In addition to didactic seminars,
attendance is required for Psychiatry Grand Rounds, the Goodwin
Psychopharmacology Conference, the Psychotherapy Case Conferences,
and other special conferences as scheduled. Attendance at
the weekly Epilepsy Conference and Sleep Disorders Medicine
Conference is required for assigned residents.
Assessment of Clinical Competencies
The systematic assessment of clinical
competencies is a nationally-mandated initiative that is being
implemented through each residency year. The primary new method
of assessment that is introduced during the PGY-III year is
the use of psychotherapy portfolios to assessment competencies
in brief psychotherapies and long-term psychodynamic psychotherapy.

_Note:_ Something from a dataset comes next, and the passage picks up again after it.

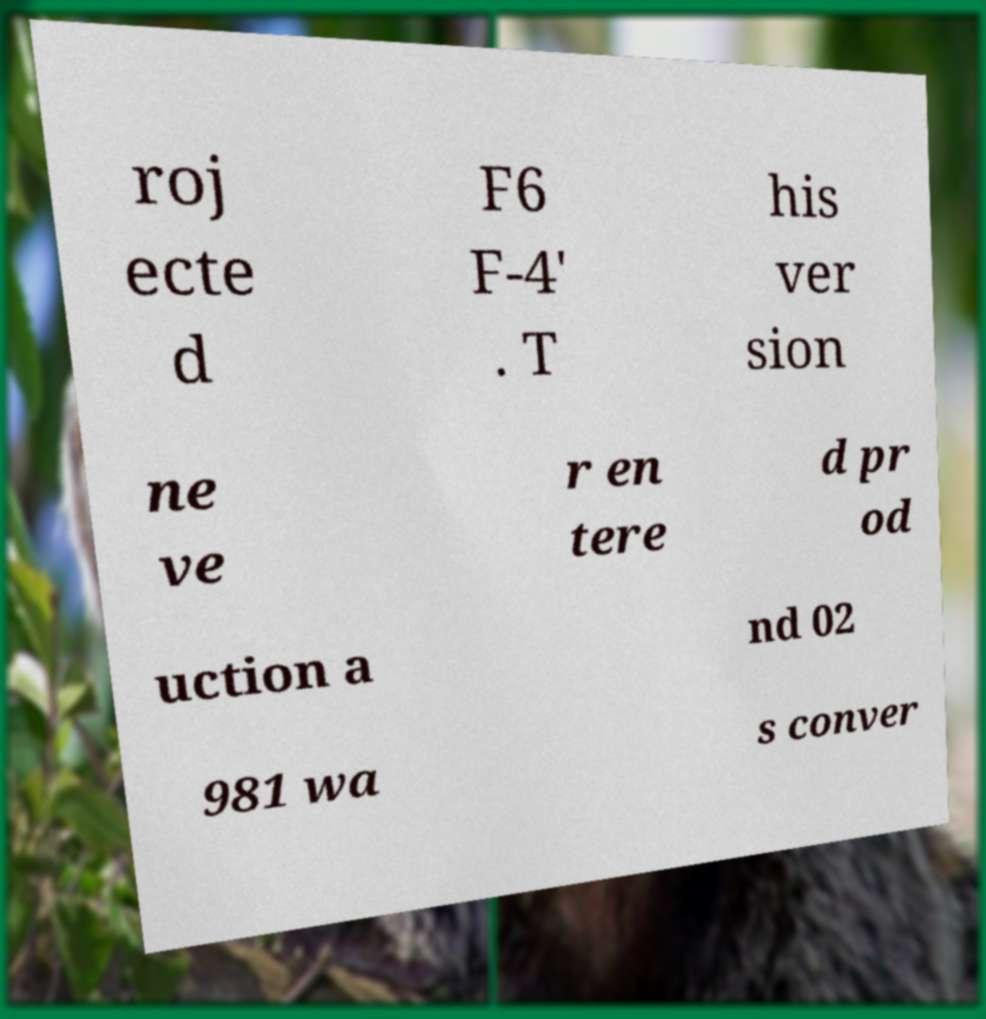For documentation purposes, I need the text within this image transcribed. Could you provide that? roj ecte d F6 F-4' . T his ver sion ne ve r en tere d pr od uction a nd 02 981 wa s conver

With a psychotherapy portfolio, a resident prepares illustrative
vignettes from a psychotherapy and accompanying explanatory
text that show how he or she has implemented a particular
skill. This assessment method is utilized in long-term psychodynamic
psychotherapy with the resident case conferences scheduled
in the last half of the academic year. It is also used for
future-focused psychotherapy and for clinical work associated
with the "Conducting Psychotherapy with Spiritually, Religiously,
or Ideologically-Committed People." Portfolio examples from
residents work during the 2003-2004 year can be examined
to illustrate their use last year. Each residents psychotherapy
portfolios are entered as a part of his or her residency file
as documentation of competency in the psychotherapies.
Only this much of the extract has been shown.